Rédactrice passionnée qui a vécu dans plus de 25 pays toujours à la recherche de la dernière information.

Revenons au travail de Stéphane Leduc, une personne passionnée aussi forte que son esprit qui, grâce à son dévouement, son courage et son travail acharné, a su ouvrir la voie à ses perspectives pour qu’elles se réalisent et que plusieurs de ses rêves se réalisent. . Le parcours professionnel sain est souvent négligé, mais il est riche d’enseignements, d’inspiration, de pragmatisme et de nombreux défis.

L’histoire de la maison d’édition Leduc S est avant tout une affaire de famille. Cela a commencé en 1983, lorsque le père de Stéphane, ancien journaliste et rédacteur en chef du magazine (Maisons et Jardins) devient Directeur des Collections aux Éditions Marabout, qui étaient l’éditeur du Travail de poche. Ce type est complètement mal vu et passe sous le radar en France contrairement aux Etats-Unis ou en Angleterre où le vent a ses propres voiles.

Son père – comme tous les employés – dépend de son autorité, des méthodes de son organisation. Il raconte à son fils toute sa frustration de ne pas pouvoir publier tous les livres qu’il aurait souhaités. De plus, il faut souvent plus de deux ans pour vendre une idée de projet à ses supérieurs.
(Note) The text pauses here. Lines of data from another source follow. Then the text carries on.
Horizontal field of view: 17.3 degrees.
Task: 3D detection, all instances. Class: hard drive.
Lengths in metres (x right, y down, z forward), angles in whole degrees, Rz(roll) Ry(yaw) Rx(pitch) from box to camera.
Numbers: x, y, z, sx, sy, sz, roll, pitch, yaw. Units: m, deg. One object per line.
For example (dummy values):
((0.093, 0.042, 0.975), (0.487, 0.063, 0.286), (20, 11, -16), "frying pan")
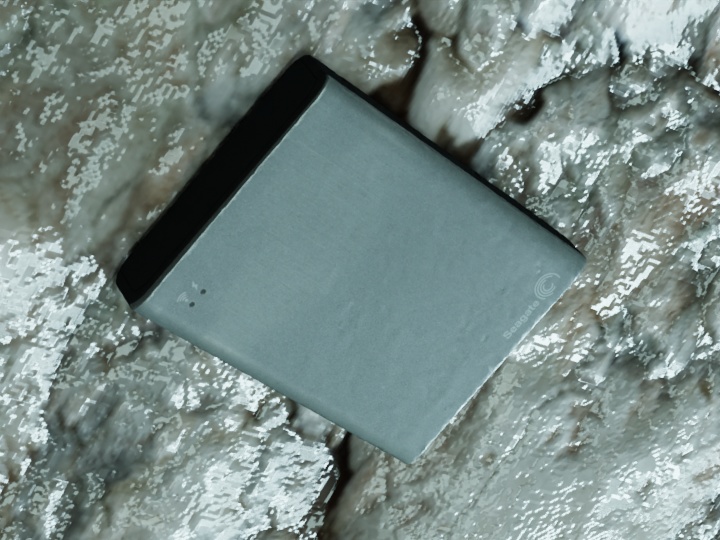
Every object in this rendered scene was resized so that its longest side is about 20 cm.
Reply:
((0.000, 0.000, 1.125), (0.140, 0.033, 0.200), (-49, 132, 10), "hard drive")
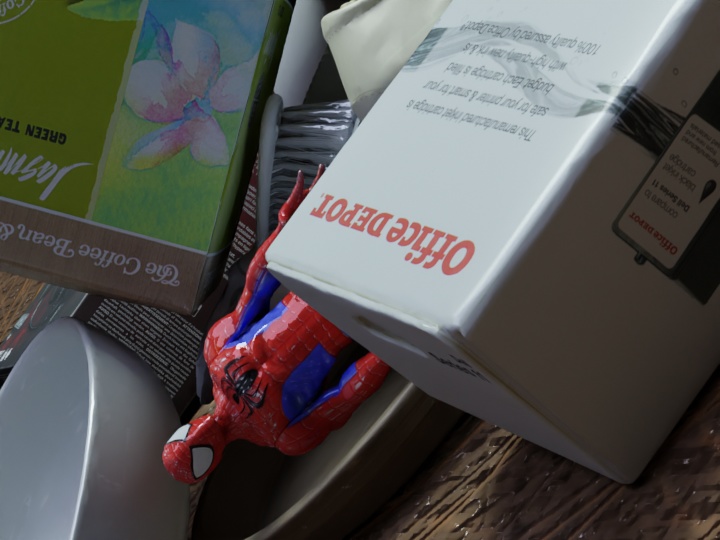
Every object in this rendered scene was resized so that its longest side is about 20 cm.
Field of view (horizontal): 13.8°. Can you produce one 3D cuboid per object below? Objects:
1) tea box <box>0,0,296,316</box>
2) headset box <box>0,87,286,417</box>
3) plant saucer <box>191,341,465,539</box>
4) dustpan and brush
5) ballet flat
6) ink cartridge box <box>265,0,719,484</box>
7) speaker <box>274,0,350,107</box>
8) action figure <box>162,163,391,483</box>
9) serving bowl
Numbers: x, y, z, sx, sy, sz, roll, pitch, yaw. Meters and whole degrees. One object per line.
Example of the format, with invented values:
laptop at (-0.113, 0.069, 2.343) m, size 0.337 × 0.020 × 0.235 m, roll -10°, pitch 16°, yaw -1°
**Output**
tea box at (-0.099, -0.095, 1.197) m, size 0.200 × 0.133 × 0.198 m, roll -96°, pitch 20°, yaw -88°
headset box at (-0.089, -0.010, 1.471) m, size 0.200 × 0.075 × 0.149 m, roll -55°, pitch 12°, yaw -13°
plant saucer at (0.009, 0.034, 1.109) m, size 0.200 × 0.029 × 0.200 m, roll -48°, pitch 13°, yaw 14°
dustpan and brush at (-0.032, -0.012, 1.166) m, size 0.140 × 0.057 × 0.201 m, roll -75°, pitch -5°, yaw -45°
ballet flat at (0.069, -0.126, 1.047) m, size 0.200 × 0.070 × 0.070 m, roll -38°, pitch 15°, yaw 10°
ink cartridge box at (0.080, -0.048, 0.908) m, size 0.200 × 0.083 × 0.146 m, roll -53°, pitch 25°, yaw -7°
speaker at (0.011, -0.127, 1.330) m, size 0.081 × 0.081 × 0.200 m, roll -56°, pitch -1°, yaw -21°
action figure at (0.000, 0.000, 1.026) m, size 0.200 × 0.065 × 0.052 m, roll -48°, pitch -15°, yaw 14°
serving bowl at (-0.113, 0.122, 1.149) m, size 0.200 × 0.065 × 0.201 m, roll -52°, pitch 28°, yaw 43°
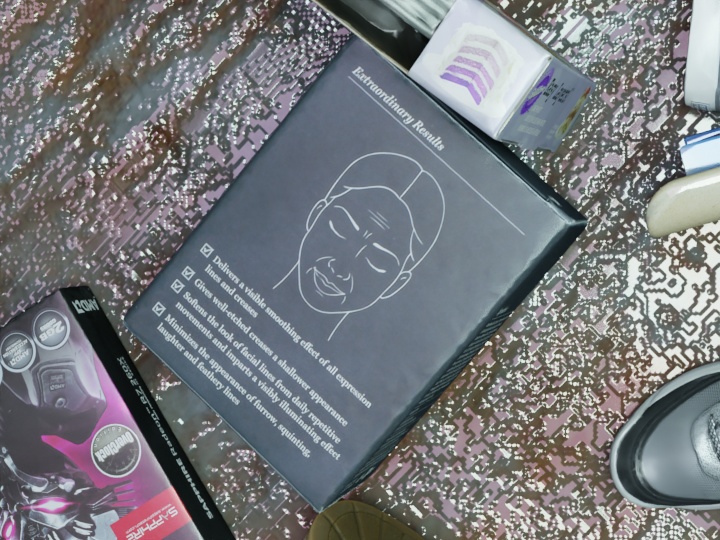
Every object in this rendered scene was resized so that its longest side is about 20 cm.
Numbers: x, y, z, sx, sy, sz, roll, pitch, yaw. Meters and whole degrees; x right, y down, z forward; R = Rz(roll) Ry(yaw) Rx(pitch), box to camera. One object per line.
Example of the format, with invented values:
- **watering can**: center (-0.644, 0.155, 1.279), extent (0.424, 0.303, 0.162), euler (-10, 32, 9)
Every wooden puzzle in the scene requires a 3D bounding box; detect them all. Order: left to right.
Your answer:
- **wooden puzzle**: center (0.222, -0.062, 0.726), extent (0.184, 0.200, 0.047), euler (-16, 88, 13)

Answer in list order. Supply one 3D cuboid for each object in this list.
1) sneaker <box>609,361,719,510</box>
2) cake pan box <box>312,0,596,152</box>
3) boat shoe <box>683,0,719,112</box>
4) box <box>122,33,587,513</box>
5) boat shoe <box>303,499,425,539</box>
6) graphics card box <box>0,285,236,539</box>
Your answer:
- **sneaker**: center (0.218, 0.078, 0.776), extent (0.198, 0.114, 0.076), euler (-17, 88, 13)
- **cake pan box**: center (0.024, -0.133, 0.771), extent (0.184, 0.200, 0.053), euler (37, 101, 12)
- **boat shoe**: center (0.205, -0.176, 0.770), extent (0.067, 0.072, 0.202), euler (8, 107, 18)
- **box**: center (0.000, 0.000, 0.827), extent (0.148, 0.107, 0.200), euler (43, 101, 9)
- **boat shoe**: center (0.049, 0.206, 0.849), extent (0.199, 0.072, 0.065), euler (33, 134, 5)
- **graphics card box**: center (-0.165, 0.125, 0.898), extent (0.125, 0.051, 0.201), euler (-31, 84, 12)
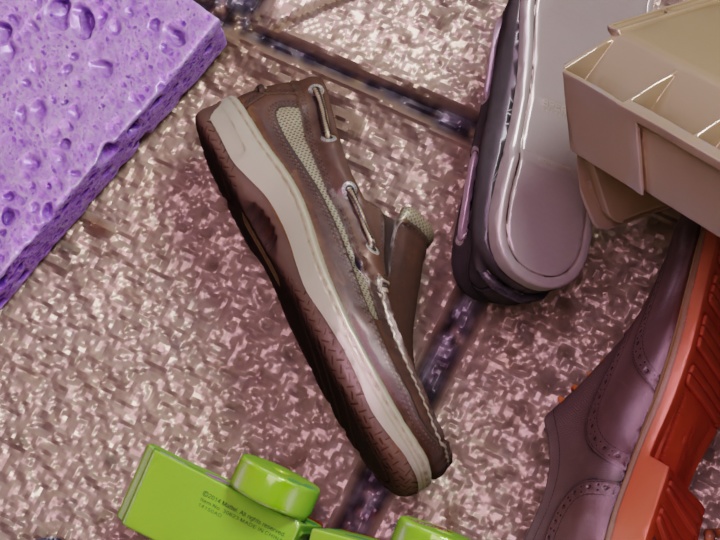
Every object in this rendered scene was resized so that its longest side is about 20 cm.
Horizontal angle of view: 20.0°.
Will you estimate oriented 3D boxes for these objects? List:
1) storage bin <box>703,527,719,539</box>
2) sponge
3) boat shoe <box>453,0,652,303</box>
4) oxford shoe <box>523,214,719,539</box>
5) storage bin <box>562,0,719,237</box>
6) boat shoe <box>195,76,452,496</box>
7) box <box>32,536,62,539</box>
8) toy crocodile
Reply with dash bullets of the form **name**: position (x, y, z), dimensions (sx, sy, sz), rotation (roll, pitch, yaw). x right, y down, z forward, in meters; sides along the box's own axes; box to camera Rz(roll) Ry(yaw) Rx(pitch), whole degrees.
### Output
- **storage bin**: position (0.209, 0.116, 0.799), dimensions (0.145, 0.134, 0.201), rotation (2, 71, 6)
- **sponge**: position (-0.168, -0.068, 0.952), dimensions (0.111, 0.030, 0.200), rotation (37, 79, 16)
- **boat shoe**: position (0.080, -0.080, 0.910), dimensions (0.067, 0.057, 0.201), rotation (24, 68, -23)
- **oxford shoe**: position (0.116, 0.051, 0.866), dimensions (0.073, 0.071, 0.201), rotation (5, 59, 31)
- **storage bin**: position (0.211, -0.044, 0.786), dimensions (0.198, 0.094, 0.200), rotation (-19, 30, -19)
- **boat shoe**: position (0.000, -0.003, 0.892), dimensions (0.075, 0.075, 0.203), rotation (-25, 71, -9)
- **box**: position (-0.206, 0.210, 0.854), dimensions (0.199, 0.051, 0.159), rotation (-12, 72, 2)
- **toy crocodile**: position (-0.011, 0.127, 0.860), dimensions (0.199, 0.062, 0.068), rotation (19, 88, 17)
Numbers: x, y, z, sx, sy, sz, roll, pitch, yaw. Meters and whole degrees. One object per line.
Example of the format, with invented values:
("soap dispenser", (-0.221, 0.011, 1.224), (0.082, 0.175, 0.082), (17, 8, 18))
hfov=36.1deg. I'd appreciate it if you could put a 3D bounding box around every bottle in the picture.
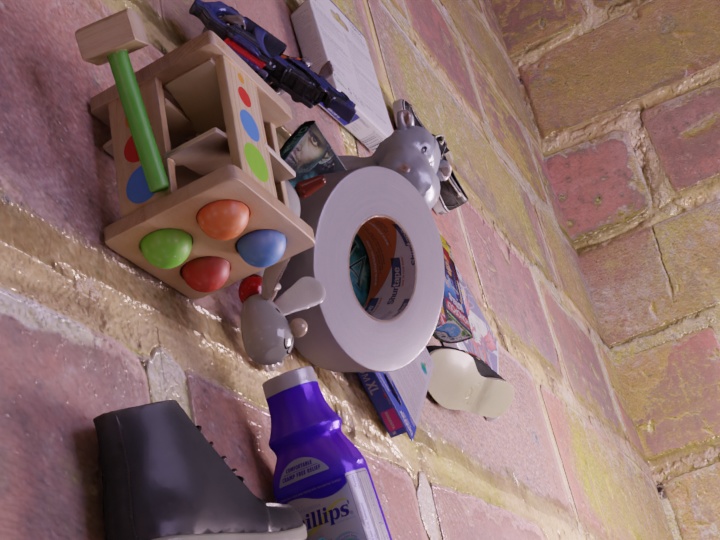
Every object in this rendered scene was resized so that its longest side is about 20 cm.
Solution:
("bottle", (-0.030, 0.182, 0.918), (0.065, 0.082, 0.203), (10, 60, -68))

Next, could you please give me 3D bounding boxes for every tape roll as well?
("tape roll", (0.000, 0.000, 1.108), (0.199, 0.065, 0.204), (7, 81, -48))

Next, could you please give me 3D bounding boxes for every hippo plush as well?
("hippo plush", (0.032, -0.087, 1.292), (0.160, 0.159, 0.201), (55, 21, -29))

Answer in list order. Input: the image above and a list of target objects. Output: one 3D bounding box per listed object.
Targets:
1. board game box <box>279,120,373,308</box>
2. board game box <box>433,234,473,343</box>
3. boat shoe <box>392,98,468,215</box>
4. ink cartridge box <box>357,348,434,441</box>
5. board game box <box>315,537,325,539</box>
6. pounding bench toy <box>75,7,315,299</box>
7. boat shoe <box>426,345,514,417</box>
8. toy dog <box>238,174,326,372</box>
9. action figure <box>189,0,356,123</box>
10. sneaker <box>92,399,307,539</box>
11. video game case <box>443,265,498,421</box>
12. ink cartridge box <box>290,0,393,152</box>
("board game box", (-0.037, -0.033, 1.144), (0.201, 0.028, 0.136), (55, 53, -31))
("board game box", (0.076, 0.019, 1.449), (0.200, 0.061, 0.203), (43, 31, -51))
("boat shoe", (0.116, -0.194, 1.809), (0.202, 0.063, 0.071), (64, 18, -9))
("ink cartridge box", (0.034, 0.105, 1.262), (0.121, 0.041, 0.200), (62, 16, -14))
("board game box", (-0.043, 0.306, 0.792), (0.151, 0.046, 0.203), (16, 54, -67))
("pounding bench toy", (-0.142, -0.086, 0.858), (0.200, 0.123, 0.158), (39, 33, -54))
("boat shoe", (0.128, 0.141, 1.456), (0.063, 0.074, 0.200), (35, 4, 42))
("toy dog", (-0.066, -0.017, 0.974), (0.132, 0.095, 0.203), (59, 17, -75))
("action figure", (-0.095, -0.193, 1.153), (0.199, 0.105, 0.193), (37, 24, 6))
("sneaker", (-0.103, 0.147, 0.764), (0.199, 0.074, 0.108), (23, 49, -63))
("video game case", (0.162, 0.097, 1.660), (0.184, 0.023, 0.201), (59, 20, -24))
("ink cartridge box", (-0.027, -0.285, 1.552), (0.196, 0.043, 0.203), (33, 36, -58))

Quel gâchis et occasion manquée ! Cependant, des voitures pleines de livres arrivent au bureau et remplissent la maison de la famille Leduc. Et le père transmet légalement et naturellement à son fils le virus de la lecture et l’amour de la littérature qui – légalement – dure toute une vie.
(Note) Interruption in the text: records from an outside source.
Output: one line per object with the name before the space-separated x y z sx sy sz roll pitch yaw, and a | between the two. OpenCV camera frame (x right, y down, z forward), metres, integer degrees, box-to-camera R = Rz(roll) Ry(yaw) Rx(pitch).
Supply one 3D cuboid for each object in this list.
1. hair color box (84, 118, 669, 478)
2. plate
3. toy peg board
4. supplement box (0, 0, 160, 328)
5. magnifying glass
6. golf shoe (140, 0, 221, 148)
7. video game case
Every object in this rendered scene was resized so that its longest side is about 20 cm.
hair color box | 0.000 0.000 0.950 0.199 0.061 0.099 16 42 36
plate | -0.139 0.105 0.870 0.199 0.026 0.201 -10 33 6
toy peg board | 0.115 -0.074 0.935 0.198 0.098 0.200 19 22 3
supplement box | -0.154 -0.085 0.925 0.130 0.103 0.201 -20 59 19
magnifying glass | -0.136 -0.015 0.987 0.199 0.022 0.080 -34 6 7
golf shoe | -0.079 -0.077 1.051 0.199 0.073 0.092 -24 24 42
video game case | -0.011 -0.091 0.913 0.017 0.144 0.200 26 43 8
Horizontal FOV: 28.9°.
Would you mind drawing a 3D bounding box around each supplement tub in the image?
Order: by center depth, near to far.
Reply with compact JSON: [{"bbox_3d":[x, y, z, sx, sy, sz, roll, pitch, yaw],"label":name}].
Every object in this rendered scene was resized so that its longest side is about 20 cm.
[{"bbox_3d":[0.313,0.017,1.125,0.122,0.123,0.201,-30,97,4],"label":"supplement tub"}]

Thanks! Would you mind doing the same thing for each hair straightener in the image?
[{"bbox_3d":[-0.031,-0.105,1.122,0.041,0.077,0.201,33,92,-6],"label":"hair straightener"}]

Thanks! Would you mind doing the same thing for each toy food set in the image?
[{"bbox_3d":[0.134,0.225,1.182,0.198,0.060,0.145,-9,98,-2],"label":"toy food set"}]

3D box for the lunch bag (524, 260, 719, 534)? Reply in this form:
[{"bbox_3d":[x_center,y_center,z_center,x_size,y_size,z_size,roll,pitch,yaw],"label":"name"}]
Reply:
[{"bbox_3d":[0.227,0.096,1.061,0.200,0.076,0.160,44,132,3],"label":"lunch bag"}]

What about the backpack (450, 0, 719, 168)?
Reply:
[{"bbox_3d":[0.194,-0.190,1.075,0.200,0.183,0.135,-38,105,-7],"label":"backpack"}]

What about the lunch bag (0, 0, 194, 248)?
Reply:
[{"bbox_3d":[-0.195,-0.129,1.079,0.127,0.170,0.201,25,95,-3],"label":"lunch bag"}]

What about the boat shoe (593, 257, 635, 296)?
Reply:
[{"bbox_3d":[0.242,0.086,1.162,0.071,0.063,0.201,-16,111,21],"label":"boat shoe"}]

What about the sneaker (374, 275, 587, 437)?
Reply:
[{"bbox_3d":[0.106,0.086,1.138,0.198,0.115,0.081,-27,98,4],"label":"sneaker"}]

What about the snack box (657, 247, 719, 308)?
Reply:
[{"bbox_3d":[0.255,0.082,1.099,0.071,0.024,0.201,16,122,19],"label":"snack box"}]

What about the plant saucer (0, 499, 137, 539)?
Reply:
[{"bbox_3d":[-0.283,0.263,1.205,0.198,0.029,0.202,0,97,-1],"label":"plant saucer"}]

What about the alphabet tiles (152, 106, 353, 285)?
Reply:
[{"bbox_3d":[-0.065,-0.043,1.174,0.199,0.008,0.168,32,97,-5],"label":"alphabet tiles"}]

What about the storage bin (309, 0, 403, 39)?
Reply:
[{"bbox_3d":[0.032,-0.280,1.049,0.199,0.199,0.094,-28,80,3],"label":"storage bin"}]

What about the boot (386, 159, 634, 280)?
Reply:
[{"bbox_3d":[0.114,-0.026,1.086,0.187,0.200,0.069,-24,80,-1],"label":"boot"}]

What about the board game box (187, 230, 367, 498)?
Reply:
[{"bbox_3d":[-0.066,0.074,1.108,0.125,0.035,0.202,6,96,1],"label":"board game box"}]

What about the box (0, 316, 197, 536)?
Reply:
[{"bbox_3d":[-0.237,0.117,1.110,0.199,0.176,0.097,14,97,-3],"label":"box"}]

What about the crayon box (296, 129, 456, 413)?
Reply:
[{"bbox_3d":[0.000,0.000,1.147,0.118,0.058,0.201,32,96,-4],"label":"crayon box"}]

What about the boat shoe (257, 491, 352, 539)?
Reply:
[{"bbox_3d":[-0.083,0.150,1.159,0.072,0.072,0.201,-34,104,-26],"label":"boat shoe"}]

A une époque où les garçons aiment le football ou la guerre, Stéphane Leduc se nourrit d’oeuvres importantes telles que Napoleon Hill (Réfléchir et devenir riche) ou Dale Carnegie (Comment se faire des amis) entre autres.

DES DEBUTS MODESTES 

Favorisé par son père et les médias, il passe son bac avec brio et ne poursuit pas ses études. Il n’a jamais été salarié et est donc une personne indépendante pour saisir le minitel pour la construction de « sites » (l’équivalent d’un webmaster aujourd’hui). Il est spécialisé dans la rédaction et la conception de contenus web et travaille principalement pour le Groupe Marie-Claire, NRJ et Tokoloho. Comme son père, il est un homme de l’actualité. Mais cette position professionnelle ne le satisfait pas complètement. Un réexamen s’impose.

Dès lors, il a changé sa musique en se présentant comme un artiste indépendant. Mais très vite, il désespère de finir par n’être qu’un prestataire de services et surtout de vendre son temps (et donc de réduire délibérément ses revenus). Il aspire à voyager et à devenir photographe National Geographic, car ce sont les photographes qui ont la réputation de prendre leur temps pour livrer un travail de qualité reconnu dans le monde entier. Encore une fois, une réflexion s’impose.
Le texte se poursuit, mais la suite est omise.